В этот полуденный час большинство столов ещё пустовали, лишь за одним из них негромко чавкали два пожилых дядьки, судя по виду – из цеховой старшины. Какой-то толстозадый мужичок в видавшем виды платье, явно с чужого плеча, подливал масло в светильники на прокопченных стенах и что-то бормотал вполголоса себе под нос, медленно перемещаясь между столами. Сквозь узкие окна, кое-где ещё прикрытые ставнями, на соломенный пол падали пыльные лучи света. У большого очага суетились два юнца, выгребавшие золу, и сосредоточенная дородная тетка протирала белой скрипящей тряпкой дубовые перила, ведущие на верхние этажи заведения.
Бровастый служка протащил Хорста к неприметной двери под галереей второго этажа, отточенным движением сумел открыть её перед клиентом, придержать, и сам при этом умудрился оказаться позади Хорста.
– Проходите, уважаемый господин, сейчас всё сделаем так, как ещё ни для кого и никогда в «Свинье» не делали. – Басок нашёптывал в самое ухо, вернее в оба: бровастый заходил то слева, то справа, вытянутой рукой показывая дорогу через хитрое переплетение каменных дорожек внутреннего двора. – Вот здесь наше особенное место для самых благородных посетителей!
Хорсту польстило подобное отношение и, преисполнившись достоинства, он важно оттопырил нижнюю губу, чуть прикрыл глаза веками и лениво осмотрелся. Над журчащим ручьем высилась резная беседка с одиноким столом, всё вокруг утопало в плотной тени от могучих, но невысоких деревьев, с улицы не доносилось ни единого звука.
Хорст не заметил, как оказался сидящим на мягком стуле – почти таком же, какой стоял в кабинете Гровеля. Приятная прохлада успокаивала, и, пока обладатель свиных ушей рассыпался в любезностях, Хорст успел незаметно разуться под столом и блаженно расслабился: всё-таки драгоценные туфли не очень подходили для продолжительных пеших прогулок.
– К моему великому сожалению, уважаемый господин, мы не сможем показать вам всё великолепие изысканной кухни «Свиньи в ландышах» прямо сейчас – очаг ещё не разожжен, а на кухне принимают продукты и приступят к готовке ещё нескоро.

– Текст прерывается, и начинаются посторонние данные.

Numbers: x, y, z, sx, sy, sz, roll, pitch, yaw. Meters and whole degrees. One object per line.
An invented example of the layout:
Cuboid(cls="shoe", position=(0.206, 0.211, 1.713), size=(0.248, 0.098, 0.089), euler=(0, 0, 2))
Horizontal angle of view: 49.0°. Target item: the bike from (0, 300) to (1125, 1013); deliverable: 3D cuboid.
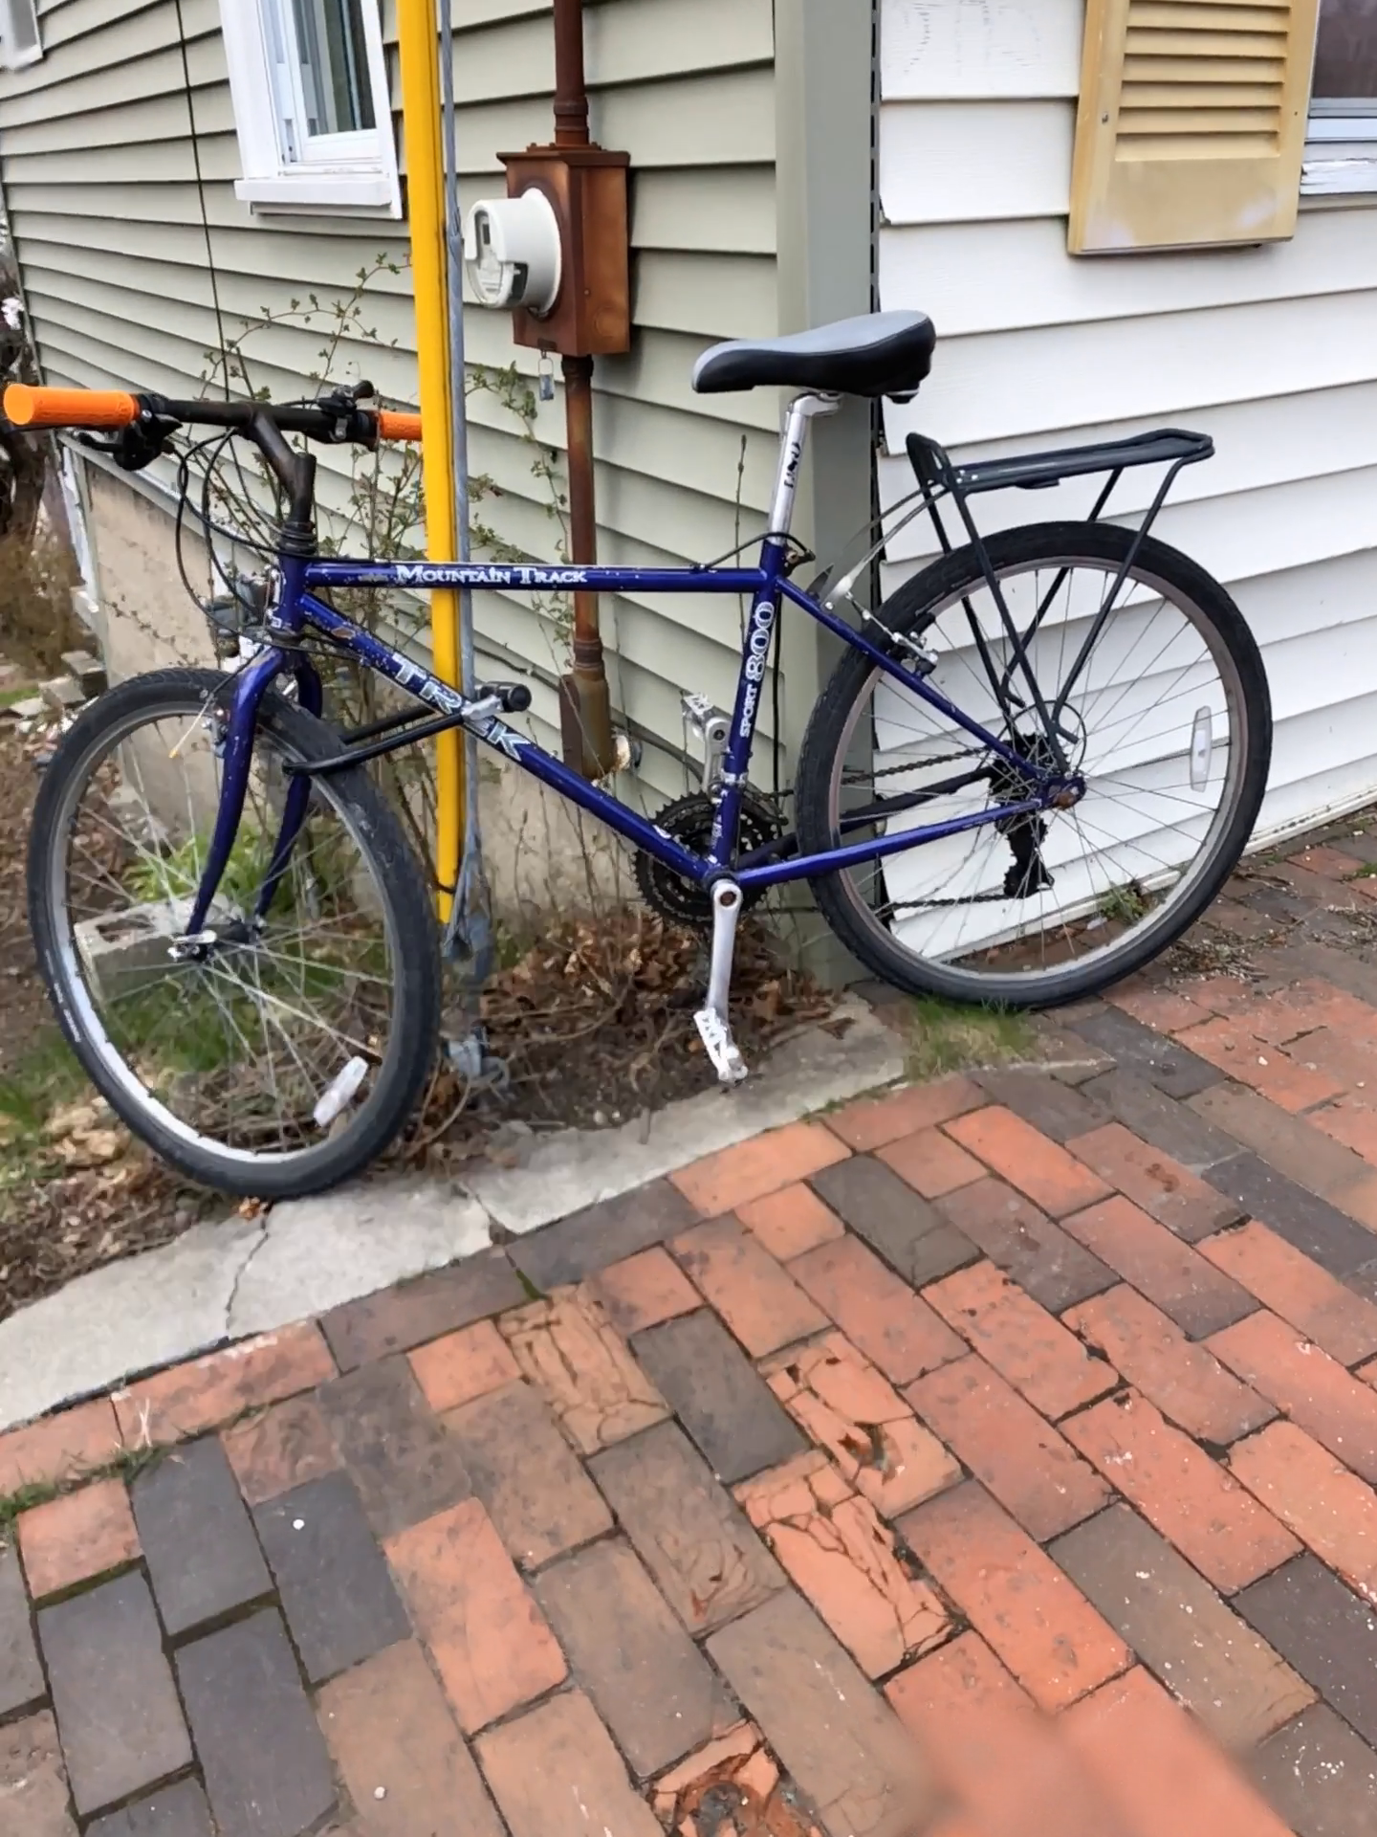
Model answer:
Cuboid(cls="bike", position=(-0.211, -0.326, 1.832), size=(1.146, 0.690, 0.515), euler=(-2, 26, 2))

Но кувшинчик савантейского, легкие закуски из рыбы, мяса, фруктов, овощей и грибов могут скрасить ваше ожидание.
– Тащи всё самое вкусное, – распорядился Хорст, – и кувшинчик этого… – он щелкнул пальцами, не рискуя выговорить незнакомое слово, опасаясь, что расторопный служка раскусит его недостойное происхождение.

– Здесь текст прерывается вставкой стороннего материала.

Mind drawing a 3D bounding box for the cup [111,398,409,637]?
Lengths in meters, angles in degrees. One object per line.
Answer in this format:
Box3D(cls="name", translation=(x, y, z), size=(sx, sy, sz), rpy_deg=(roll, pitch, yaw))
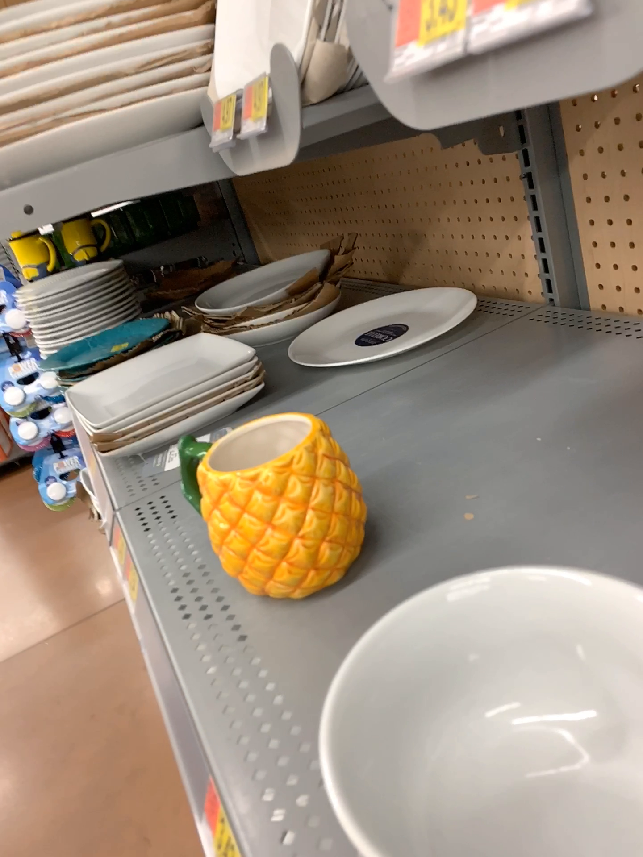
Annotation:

– Савантейского? Конечно, сей миг! Меня, кстати, все называют Огюст. Так что, если надумаете изменить заказ или чего-то добавить – просто громко произнесите моё имя, хорошо?
– Ступай, Огюст, я запомнил.
Кувшинчик появился на столе очень быстро и к тому времени, когда бровастый Огюст подал закуски, вина в нем оставалась ровно половина. Поэтому был заказан ещё один, а распробовав напиток на вкус, Хорст попросил поставить на стол сразу ещё два – «чтобы зря не бегать».